Fontein looked down. An acrobat in high training might be able to catch something in the half-second before he fell clear and down a long, long way. A middle-aged man of sedentary habits with serious injuries might as well flap his arms hard on the way down, for all the good it would do him.

"Here's my plan," McQueen said, and laughed again, stopping herself with a shudder of agony as things moved and grated in her torso. "Sorry, classical reference. Getting a little light-headed. You swing across and grab my hand with your right. Then, as soon as I've got you, you hit the release—do it fast, so you don't lose momentum. I'll swing you on across to there," she said, indicating a section of wall plating with dangling cables festooned across it. "Then you can go and get help for the rest of us."

Fontein looked at her blank-eyed for a moment. Then he spoke: "You don't give up very easily, do you, Citizen Admiral McQueen?"

"White Haven didn't think so."

He nodded. "On the count of three."

"One." The Commissioner heaved his weight backward, like a child on a swing.

"Two."

She closed out everything except the hand she would have to grasp.

"Three."

It jarred into hers, and she heard a clicksnap and falling clatter as her fingers clenched. Then she was screaming, screaming and tasting iron at the back of her throat as Fontein's weight came onto her outstretched arm and wrenched her savaged body against the unyielding frame of the shock harness.

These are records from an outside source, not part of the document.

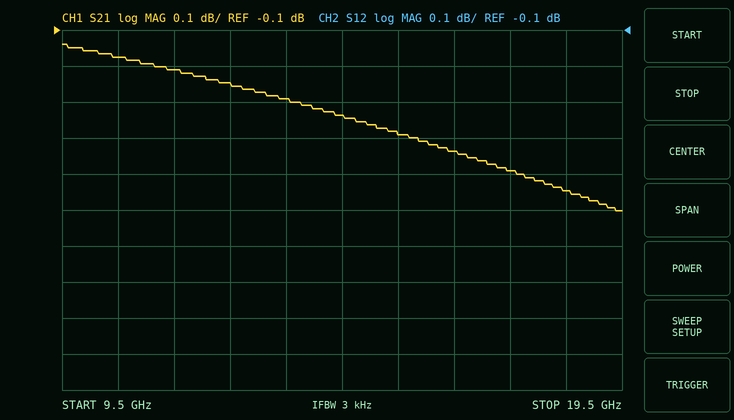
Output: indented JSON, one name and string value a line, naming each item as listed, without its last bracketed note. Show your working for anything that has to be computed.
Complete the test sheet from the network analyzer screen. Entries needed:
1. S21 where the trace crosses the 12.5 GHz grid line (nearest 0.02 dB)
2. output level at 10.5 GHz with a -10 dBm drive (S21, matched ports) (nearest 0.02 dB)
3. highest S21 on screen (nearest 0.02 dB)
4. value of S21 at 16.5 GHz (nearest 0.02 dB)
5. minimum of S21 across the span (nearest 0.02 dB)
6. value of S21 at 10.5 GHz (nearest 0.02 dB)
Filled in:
{
  "S21 where the trace crosses the 12.5 GHz grid line": "-0.24 dB",
  "output level at 10.5 GHz with a -10 dBm drive (S21, matched ports)": "-10 dBm + (-0.18 dB) = -10.18 dBm",
  "highest S21 on screen": "-0.14 dB",
  "value of S21 at 16.5 GHz": "-0.44 dB",
  "minimum of S21 across the span": "-0.60 dB",
  "value of S21 at 10.5 GHz": "-0.18 dB"
}

Blackness surged over her, welcome as the memory of her mother's arms, then receded into a red-shot alertness. She spat to clear her mouth; that was blood this time. A steady trickle of it, if not an arterial gusher. The bone spears had hit something.

"See," she said to Fontein's shock-white face where he clung to the wreck's wall not more than an arm's length away. "We really do accomplish things when we cooperate, Citizen Commissioner."

Then the blackness returned.

Rob S. Pierre looked down at the stretcher. "Will it endanger her life?" he said.

"No, Sir," the medtech said unwillingly.

"Then I insist." He stepped back.

Esther McQueen's eyes opened, and she sighed once in blissful relief; the stretcher's lights blinked as it swept away her pain. Her eyes moved.

"Gerrard?" she said, her voice faint but steady. The Marine went to one knee and looked at her, his face warring between relief and revulsion. "The butcher's bill?"

"Light, Skipper," he said. "By the time we hit them they were running on empty; the Chairman's Guard bled them bad."

"Ship?"

"Some damage, but Citizen Pierre called them off in time."

She nodded again, and the Chairman of the Committee of Public Safety stepped forward. "Citizen Admiral McQueen," he said. "The People's Republic, the Committee, and I myself are in your debt. Your prompt action . . . we'll talk more about this later. I already intended to have an interview with you today, but tomorrow will do just as well."

"Thank you . . . Sir," she said. The eyes began to wander again, and he stepped back and motioned the techs to take her away.

He looked around the wreckage of the Committee's tower. The other members were dispersing about their various tasks; it would be some time before they got this mess cleaned up and returned to the agenda he'd intended to spend the day on.